Copy the lines below that contain "invented".

Start of DATA TO PROCESS

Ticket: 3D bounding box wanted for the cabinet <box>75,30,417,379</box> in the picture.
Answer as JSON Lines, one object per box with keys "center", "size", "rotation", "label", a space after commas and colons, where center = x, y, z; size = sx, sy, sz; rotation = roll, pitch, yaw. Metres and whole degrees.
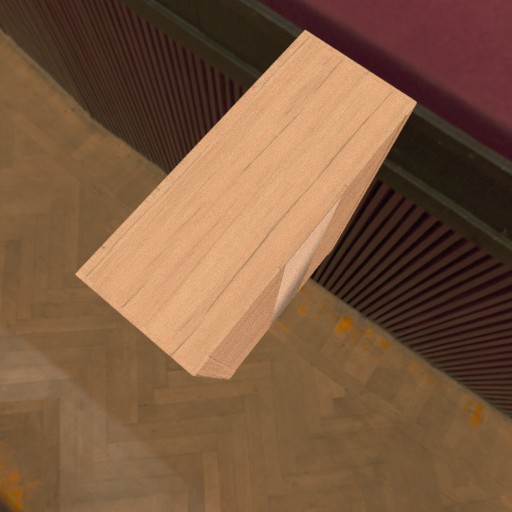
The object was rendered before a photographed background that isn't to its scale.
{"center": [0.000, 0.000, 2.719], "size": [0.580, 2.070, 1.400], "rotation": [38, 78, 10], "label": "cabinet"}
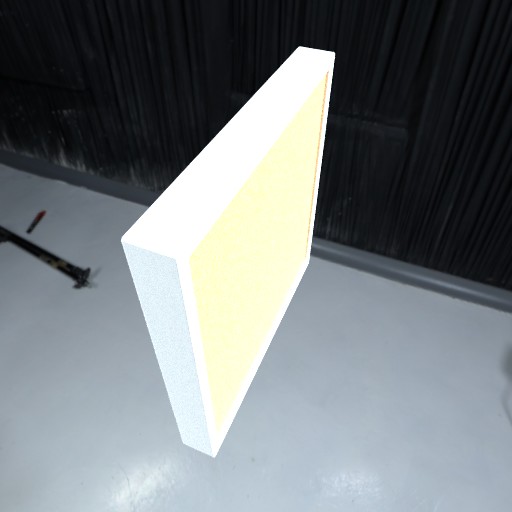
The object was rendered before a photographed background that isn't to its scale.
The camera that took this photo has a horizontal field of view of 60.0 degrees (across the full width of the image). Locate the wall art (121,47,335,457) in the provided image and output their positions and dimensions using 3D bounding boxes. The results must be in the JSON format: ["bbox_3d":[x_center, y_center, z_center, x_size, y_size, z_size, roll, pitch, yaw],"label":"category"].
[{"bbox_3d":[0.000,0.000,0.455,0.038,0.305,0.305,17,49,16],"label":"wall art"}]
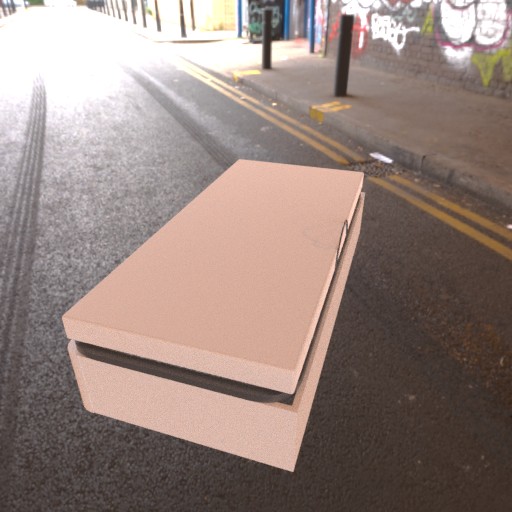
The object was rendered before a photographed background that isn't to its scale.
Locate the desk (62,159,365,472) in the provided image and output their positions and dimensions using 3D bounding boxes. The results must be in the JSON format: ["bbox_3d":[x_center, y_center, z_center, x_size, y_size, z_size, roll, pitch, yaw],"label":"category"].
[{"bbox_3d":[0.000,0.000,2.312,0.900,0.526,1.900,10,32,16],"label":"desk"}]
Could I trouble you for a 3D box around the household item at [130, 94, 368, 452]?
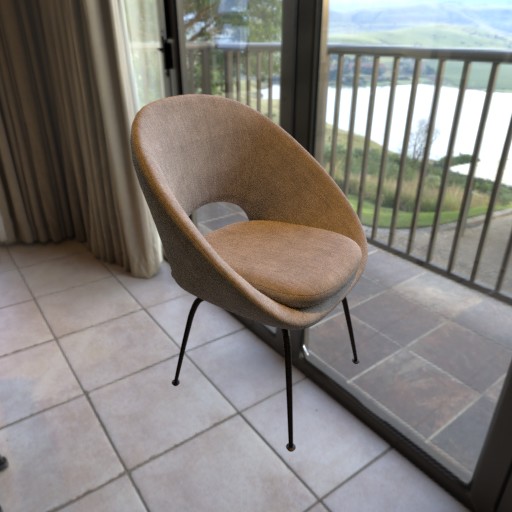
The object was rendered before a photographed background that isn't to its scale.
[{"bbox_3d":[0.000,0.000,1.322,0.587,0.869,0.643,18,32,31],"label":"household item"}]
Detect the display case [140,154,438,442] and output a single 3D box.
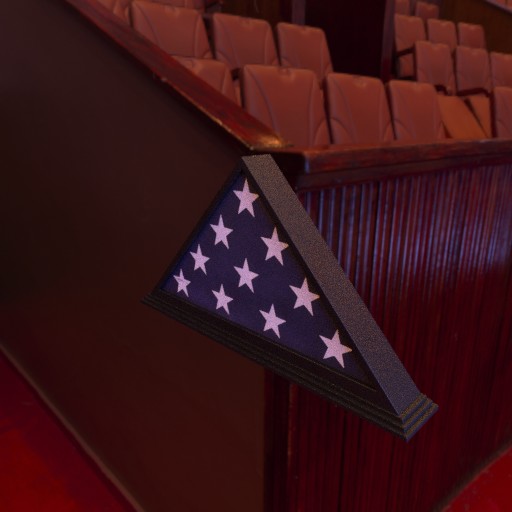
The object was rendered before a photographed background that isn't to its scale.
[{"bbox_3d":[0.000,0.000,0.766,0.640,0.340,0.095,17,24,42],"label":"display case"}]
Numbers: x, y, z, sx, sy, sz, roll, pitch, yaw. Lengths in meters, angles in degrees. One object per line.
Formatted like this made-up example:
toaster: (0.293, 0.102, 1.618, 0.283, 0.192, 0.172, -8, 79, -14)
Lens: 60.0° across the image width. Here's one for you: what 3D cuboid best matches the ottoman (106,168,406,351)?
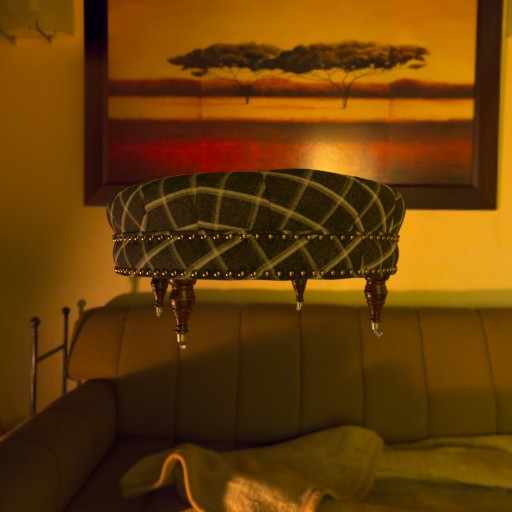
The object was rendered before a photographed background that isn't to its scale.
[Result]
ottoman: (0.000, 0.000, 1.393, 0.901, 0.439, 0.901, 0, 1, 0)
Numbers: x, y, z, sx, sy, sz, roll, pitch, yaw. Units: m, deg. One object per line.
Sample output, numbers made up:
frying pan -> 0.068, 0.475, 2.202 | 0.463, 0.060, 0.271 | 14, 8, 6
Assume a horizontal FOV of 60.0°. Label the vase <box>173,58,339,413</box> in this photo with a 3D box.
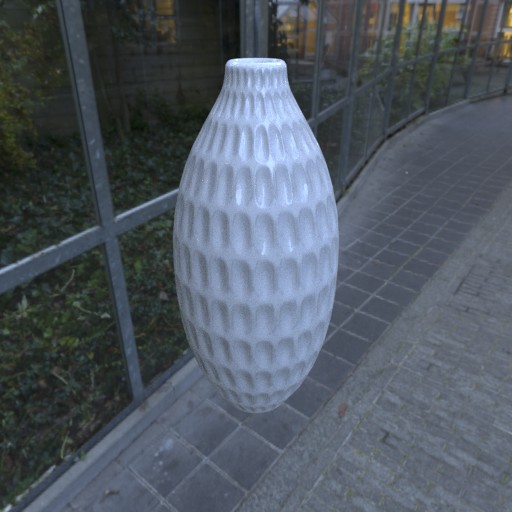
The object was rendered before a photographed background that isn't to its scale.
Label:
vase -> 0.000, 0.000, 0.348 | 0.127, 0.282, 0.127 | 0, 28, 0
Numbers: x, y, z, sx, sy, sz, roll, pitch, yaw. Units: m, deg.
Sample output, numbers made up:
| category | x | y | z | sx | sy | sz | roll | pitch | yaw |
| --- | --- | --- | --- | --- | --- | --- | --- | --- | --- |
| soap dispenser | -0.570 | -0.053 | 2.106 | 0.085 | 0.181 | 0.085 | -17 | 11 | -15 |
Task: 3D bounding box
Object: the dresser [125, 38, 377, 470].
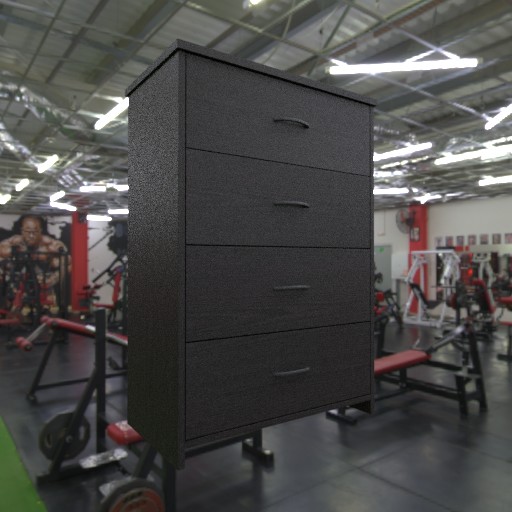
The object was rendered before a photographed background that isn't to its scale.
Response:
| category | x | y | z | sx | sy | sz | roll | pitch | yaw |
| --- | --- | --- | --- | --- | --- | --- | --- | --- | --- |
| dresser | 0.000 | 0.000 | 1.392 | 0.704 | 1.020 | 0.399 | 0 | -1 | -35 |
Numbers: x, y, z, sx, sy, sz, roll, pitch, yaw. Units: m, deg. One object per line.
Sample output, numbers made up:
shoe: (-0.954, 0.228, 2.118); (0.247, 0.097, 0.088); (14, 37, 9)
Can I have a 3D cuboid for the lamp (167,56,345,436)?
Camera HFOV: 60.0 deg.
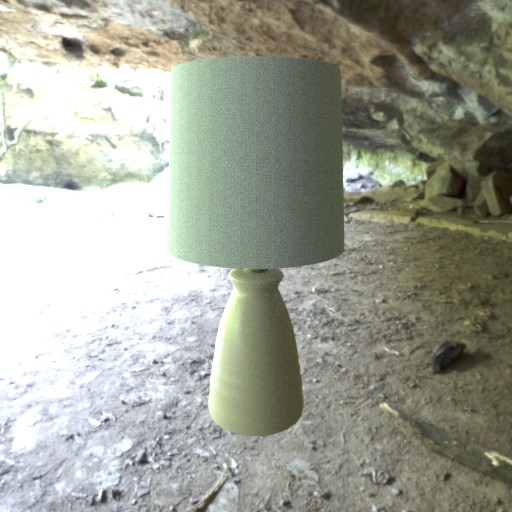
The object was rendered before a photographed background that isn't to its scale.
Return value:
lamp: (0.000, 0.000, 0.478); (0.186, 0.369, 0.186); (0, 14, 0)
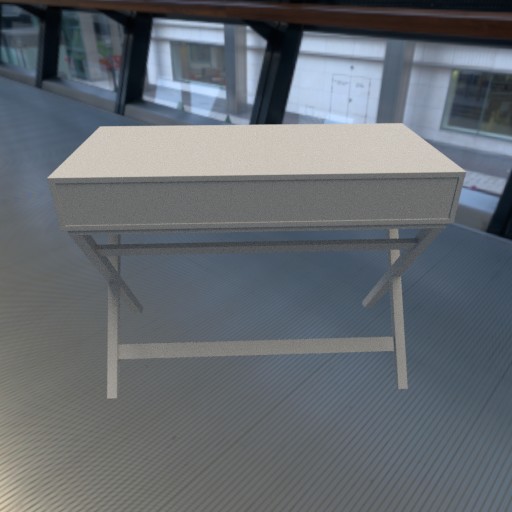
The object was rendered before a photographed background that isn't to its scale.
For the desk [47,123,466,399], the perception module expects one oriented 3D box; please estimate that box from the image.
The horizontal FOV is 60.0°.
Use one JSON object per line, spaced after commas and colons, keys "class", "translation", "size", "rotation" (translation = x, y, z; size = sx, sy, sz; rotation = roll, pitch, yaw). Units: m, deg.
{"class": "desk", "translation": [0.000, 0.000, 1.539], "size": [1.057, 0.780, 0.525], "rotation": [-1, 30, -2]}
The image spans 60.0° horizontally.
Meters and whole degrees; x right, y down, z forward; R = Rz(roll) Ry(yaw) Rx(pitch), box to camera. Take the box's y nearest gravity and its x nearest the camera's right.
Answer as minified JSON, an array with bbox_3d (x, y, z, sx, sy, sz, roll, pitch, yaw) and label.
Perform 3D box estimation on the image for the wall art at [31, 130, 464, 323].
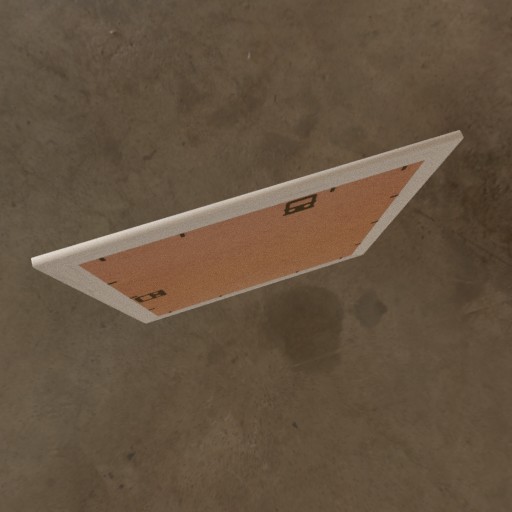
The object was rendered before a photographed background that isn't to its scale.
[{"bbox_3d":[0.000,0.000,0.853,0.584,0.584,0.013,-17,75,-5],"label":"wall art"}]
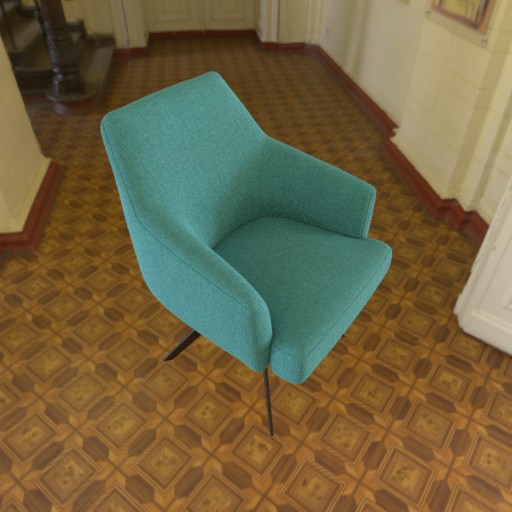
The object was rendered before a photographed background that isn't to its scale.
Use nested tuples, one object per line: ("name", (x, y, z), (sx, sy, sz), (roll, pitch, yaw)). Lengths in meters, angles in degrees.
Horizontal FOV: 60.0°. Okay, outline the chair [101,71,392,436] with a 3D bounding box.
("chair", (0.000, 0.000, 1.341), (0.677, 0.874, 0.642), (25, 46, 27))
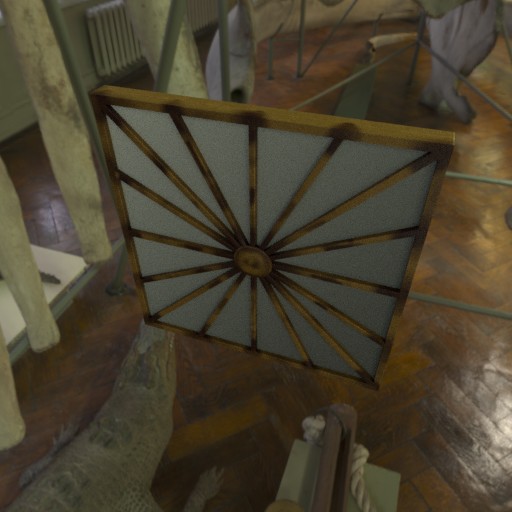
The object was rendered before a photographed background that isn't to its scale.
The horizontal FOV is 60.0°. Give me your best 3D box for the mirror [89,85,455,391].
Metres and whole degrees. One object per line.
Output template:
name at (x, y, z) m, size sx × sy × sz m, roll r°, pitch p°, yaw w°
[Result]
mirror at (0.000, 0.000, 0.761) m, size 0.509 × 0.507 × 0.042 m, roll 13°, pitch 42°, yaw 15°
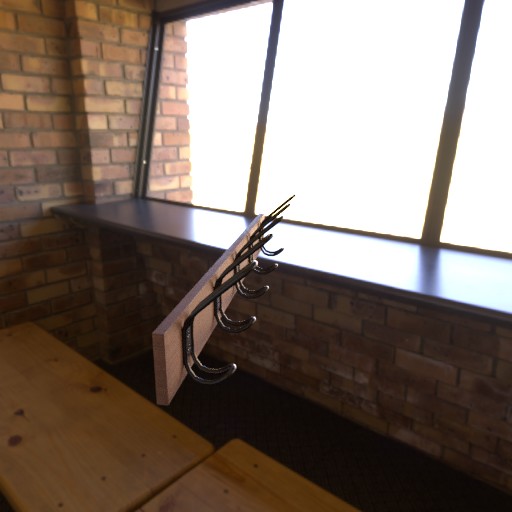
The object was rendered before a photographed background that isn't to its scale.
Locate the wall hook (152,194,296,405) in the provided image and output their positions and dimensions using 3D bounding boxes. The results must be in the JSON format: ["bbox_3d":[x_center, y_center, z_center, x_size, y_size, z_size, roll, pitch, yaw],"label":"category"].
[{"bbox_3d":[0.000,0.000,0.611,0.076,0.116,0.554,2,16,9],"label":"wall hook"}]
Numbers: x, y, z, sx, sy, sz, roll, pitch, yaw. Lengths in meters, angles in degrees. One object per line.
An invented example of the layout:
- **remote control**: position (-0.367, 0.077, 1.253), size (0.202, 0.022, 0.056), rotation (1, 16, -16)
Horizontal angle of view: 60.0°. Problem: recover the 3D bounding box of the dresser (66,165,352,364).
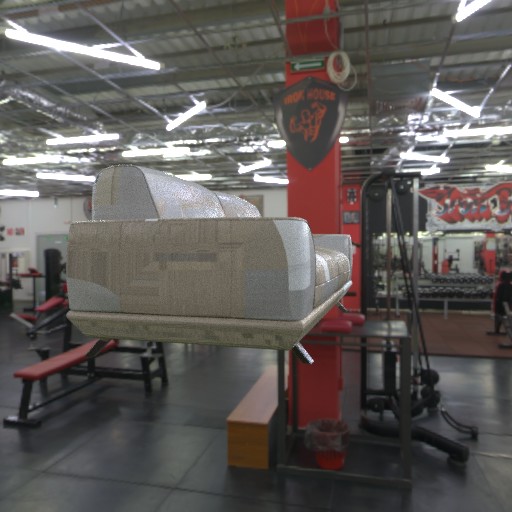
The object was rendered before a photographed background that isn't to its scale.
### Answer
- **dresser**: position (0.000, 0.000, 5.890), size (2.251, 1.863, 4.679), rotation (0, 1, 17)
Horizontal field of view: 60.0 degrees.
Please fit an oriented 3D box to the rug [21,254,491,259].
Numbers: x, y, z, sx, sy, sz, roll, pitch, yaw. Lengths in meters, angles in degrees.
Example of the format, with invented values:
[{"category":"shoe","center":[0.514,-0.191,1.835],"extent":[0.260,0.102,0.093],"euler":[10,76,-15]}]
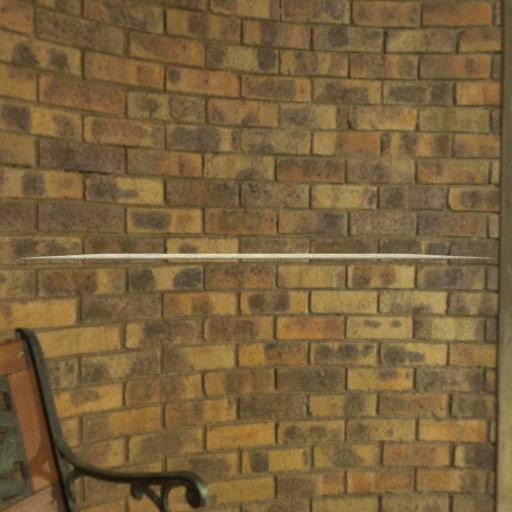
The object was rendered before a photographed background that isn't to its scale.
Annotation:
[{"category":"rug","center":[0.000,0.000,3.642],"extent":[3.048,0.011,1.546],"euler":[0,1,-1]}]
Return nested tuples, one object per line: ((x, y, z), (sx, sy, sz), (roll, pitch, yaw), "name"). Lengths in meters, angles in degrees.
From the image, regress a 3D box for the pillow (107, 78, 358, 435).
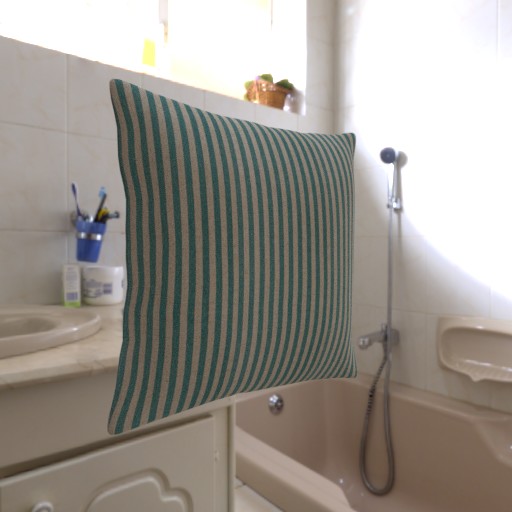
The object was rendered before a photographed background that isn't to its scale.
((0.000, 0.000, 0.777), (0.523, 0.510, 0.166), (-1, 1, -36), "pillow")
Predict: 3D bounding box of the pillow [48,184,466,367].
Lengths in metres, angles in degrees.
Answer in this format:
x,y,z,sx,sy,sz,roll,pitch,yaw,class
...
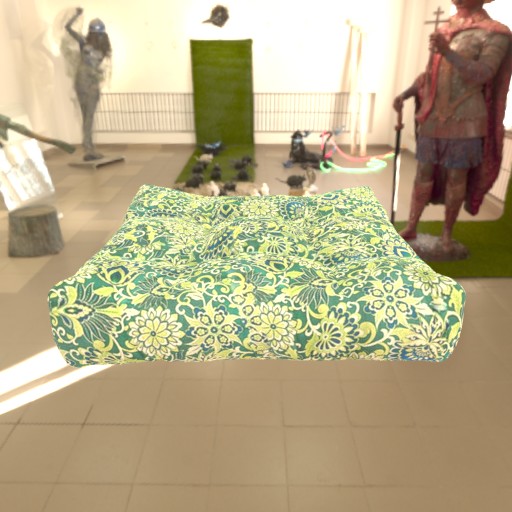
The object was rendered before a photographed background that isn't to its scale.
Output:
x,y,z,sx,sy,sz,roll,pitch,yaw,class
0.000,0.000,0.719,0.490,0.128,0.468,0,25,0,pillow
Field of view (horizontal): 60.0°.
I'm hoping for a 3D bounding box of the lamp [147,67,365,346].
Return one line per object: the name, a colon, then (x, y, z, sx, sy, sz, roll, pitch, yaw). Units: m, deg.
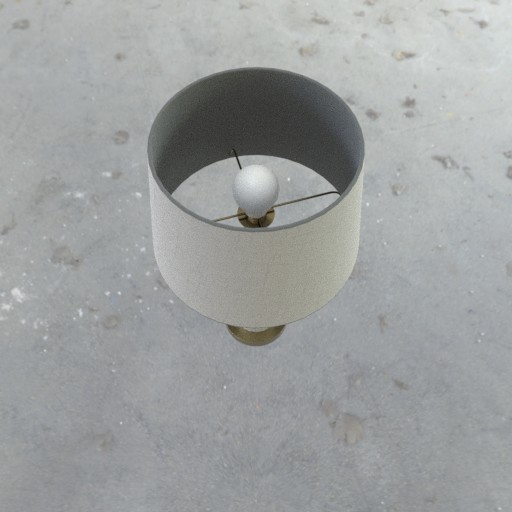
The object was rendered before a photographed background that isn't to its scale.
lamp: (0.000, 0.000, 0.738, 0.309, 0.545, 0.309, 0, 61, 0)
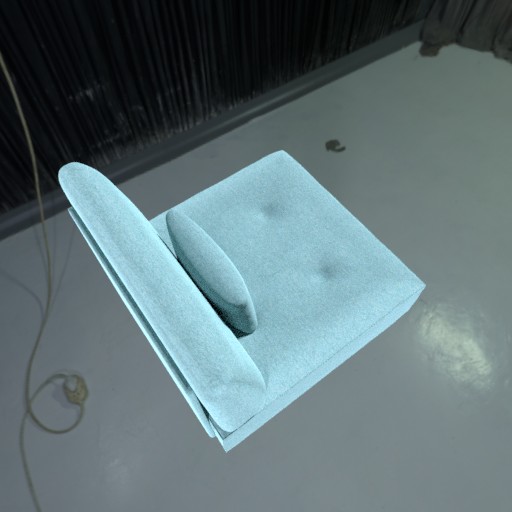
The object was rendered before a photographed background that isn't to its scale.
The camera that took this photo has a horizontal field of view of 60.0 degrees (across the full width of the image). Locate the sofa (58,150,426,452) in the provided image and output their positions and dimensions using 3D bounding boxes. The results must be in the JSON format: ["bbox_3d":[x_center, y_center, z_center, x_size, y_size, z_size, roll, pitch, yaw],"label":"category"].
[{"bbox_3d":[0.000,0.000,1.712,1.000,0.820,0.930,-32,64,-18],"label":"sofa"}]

End of DATA TO PROCESS

SOLUTION BELOW =>
An invented example of the layout:
Example of the format, with invented values:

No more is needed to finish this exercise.